Calculating this out, a 1 megawatt monocrystalline PERC power station can still maintain an actual output power of more than 840 kilowatts in the 25th year, while a traditional power station may have dropped to 780 kilowatts. This roughly 6% power difference, in the second half of the power station operation cycle, can create about 75,000 kWh more electricity per year (calculated based on 1250 annual utilization hours). This long-term power output stability ensures that the power feed-in income of the project is still highly competitive after 20 years, greatly improving the residual value evaluation of the asset.

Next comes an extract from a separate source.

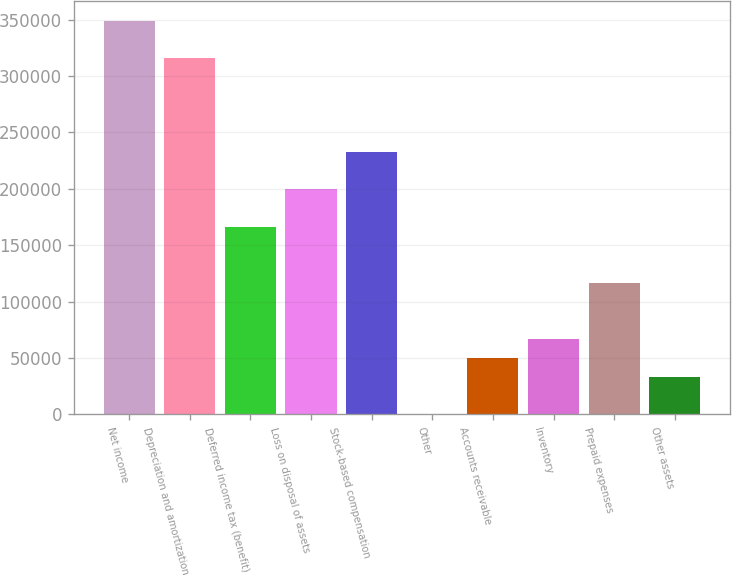Convert chart to OTSL. <chart><loc_0><loc_0><loc_500><loc_500><bar_chart><fcel>Net income<fcel>Depreciation and amortization<fcel>Deferred income tax (benefit)<fcel>Loss on disposal of assets<fcel>Stock-based compensation<fcel>Other<fcel>Accounts receivable<fcel>Inventory<fcel>Prepaid expenses<fcel>Other assets<nl><fcel>349031<fcel>315791<fcel>166213<fcel>199453<fcel>232692<fcel>15<fcel>49874.4<fcel>66494.2<fcel>116354<fcel>33254.6<nl></chart>

Long-term monitoring reports point out that the average failure rate (including snail trails, hot spots, and delamination) of monocrystalline PERC modules after 15 years of operation is about 28% lower than that of traditional polycrystalline modules, which guarantees the continuity of power output throughout the entire life cycle of the system and reduces unplanned downtime losses.

Loss control is precise

By cutting the whole cell cell into two, the working current of a single cell is also halved. According to physical characteristics, the heat loss on the line is proportional to the square of the current, and the internal resistance loss drops directly to one-fourth of the original, thereby contributing an extra 5 watts to 10 watts of output power for the whole module. In addition, this design makes the module's output performance more resilient when facing local shadow blocking (such as trees, bird droppings, or cloud shadows).

When the upper half of the module is blocked, the lower half can still maintain 100% current output, and will not cause the current of the whole string to return to zero like a full-cell cell. Measured results indicate that under the condition of 10% area being blocked, the output loss of monocrystalline PERC half-cut modules is only about 5%, while the loss of old-style modules often exceeds 20%.